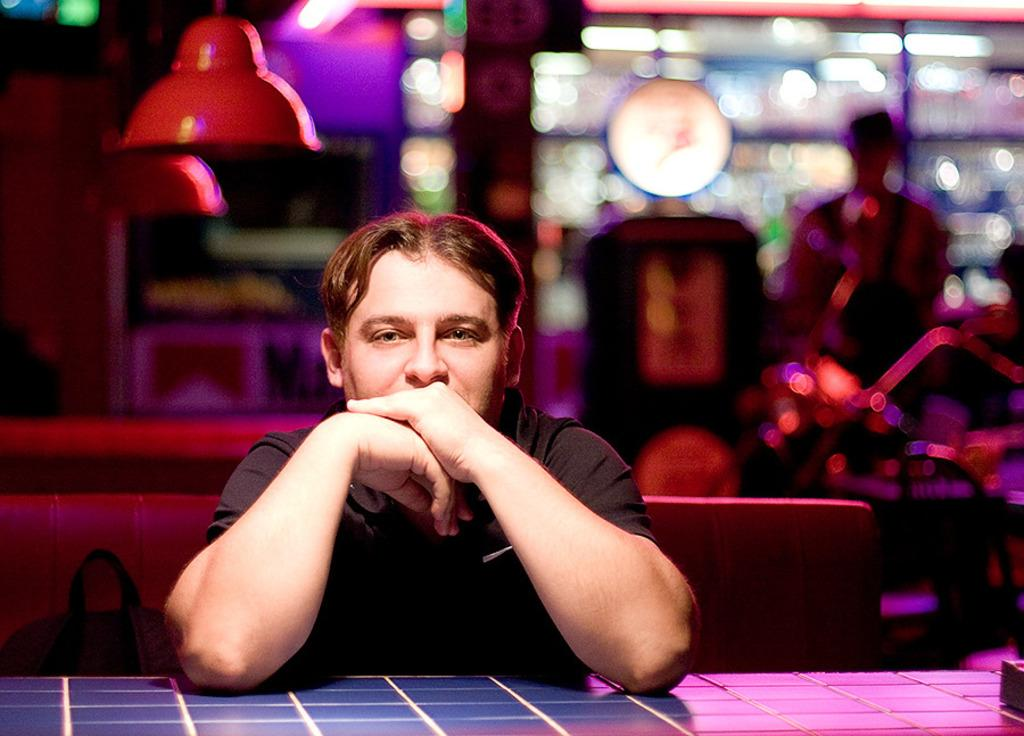What is the person in the image doing? There is a person sitting in the image. What is the person wearing? The person is wearing a black dress. What can be seen in the image besides the person? There are lights visible in the image. How would you describe the background of the image? The background of the image is blurred. What type of twig is the person holding in the image? There is no twig present in the image; the person is sitting and wearing a black dress. 
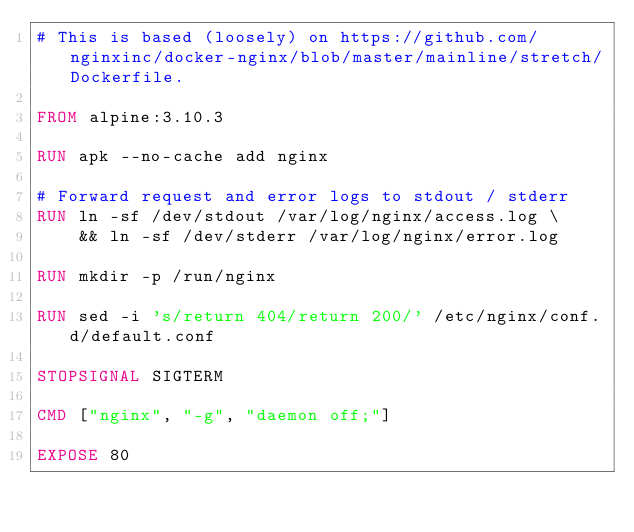<code> <loc_0><loc_0><loc_500><loc_500><_Dockerfile_># This is based (loosely) on https://github.com/nginxinc/docker-nginx/blob/master/mainline/stretch/Dockerfile.

FROM alpine:3.10.3

RUN apk --no-cache add nginx

# Forward request and error logs to stdout / stderr
RUN ln -sf /dev/stdout /var/log/nginx/access.log \
    && ln -sf /dev/stderr /var/log/nginx/error.log

RUN mkdir -p /run/nginx

RUN sed -i 's/return 404/return 200/' /etc/nginx/conf.d/default.conf

STOPSIGNAL SIGTERM

CMD ["nginx", "-g", "daemon off;"]

EXPOSE 80
</code> 
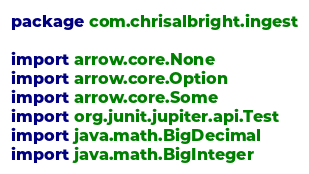<code> <loc_0><loc_0><loc_500><loc_500><_Kotlin_>package com.chrisalbright.ingest

import arrow.core.None
import arrow.core.Option
import arrow.core.Some
import org.junit.jupiter.api.Test
import java.math.BigDecimal
import java.math.BigInteger</code> 
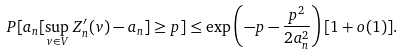<formula> <loc_0><loc_0><loc_500><loc_500>P [ a _ { n } [ \sup _ { v \in V } Z _ { n } ^ { \prime } ( v ) - a _ { n } ] \geq p ] \leq \exp \left ( - p - \frac { p ^ { 2 } } { 2 a _ { n } ^ { 2 } } \right ) [ 1 + o ( 1 ) ] .</formula> 
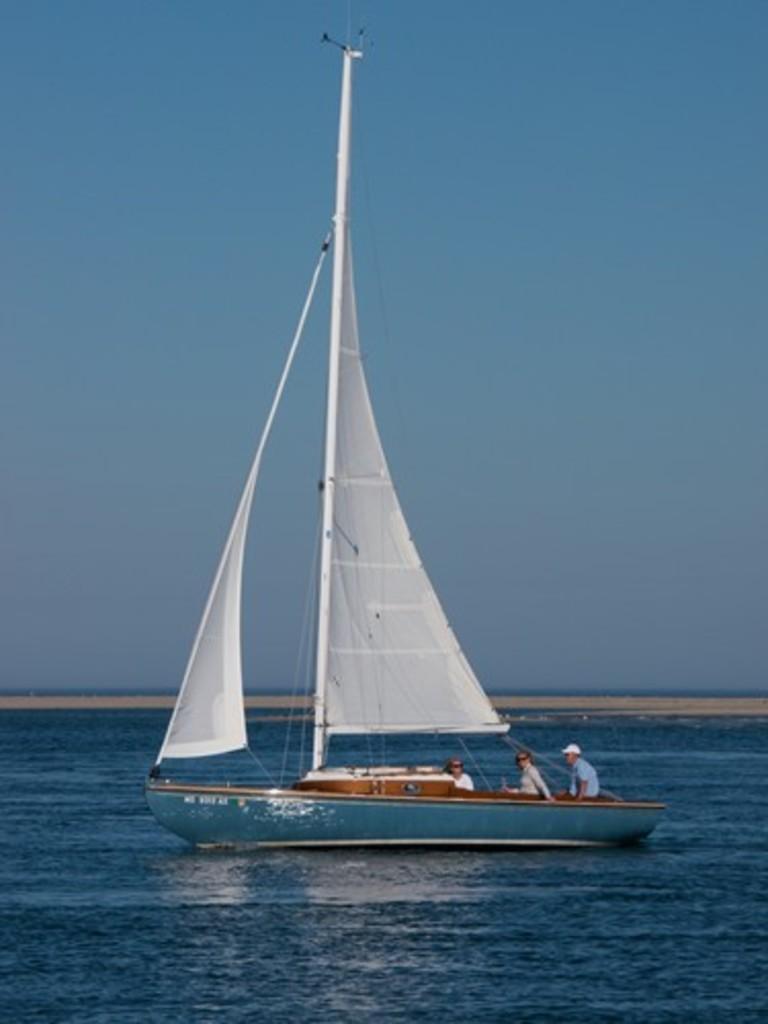Describe this image in one or two sentences. In the picture we can see a boat in the water, which is blue in color, on the boat we can see a pole and in the background we can see a sand surface and the sky.

——

### Exercise description
Your output should be exactly the lines of the records above from the one with "import arrow.core.None" through the last, both ends included, with pictures excluded.

### Written solution
import arrow.core.None
import arrow.core.Option
import arrow.core.Some
import org.junit.jupiter.api.Test
import java.math.BigDecimal
import java.math.BigInteger</code> 
<formula> <loc_0><loc_0><loc_500><loc_500>P [ a _ { n } [ \sup _ { v \in V } Z _ { n } ^ { \prime } ( v ) - a _ { n } ] \geq p ] \leq \exp \left ( - p - \frac { p ^ { 2 } } { 2 a _ { n } ^ { 2 } } \right ) [ 1 + o ( 1 ) ] .</formula> 
Describe this image in one or two sentences. In the picture we can see a boat in the water, which is blue in color, on the boat we can see a pole and in the background we can see a sand surface and the sky.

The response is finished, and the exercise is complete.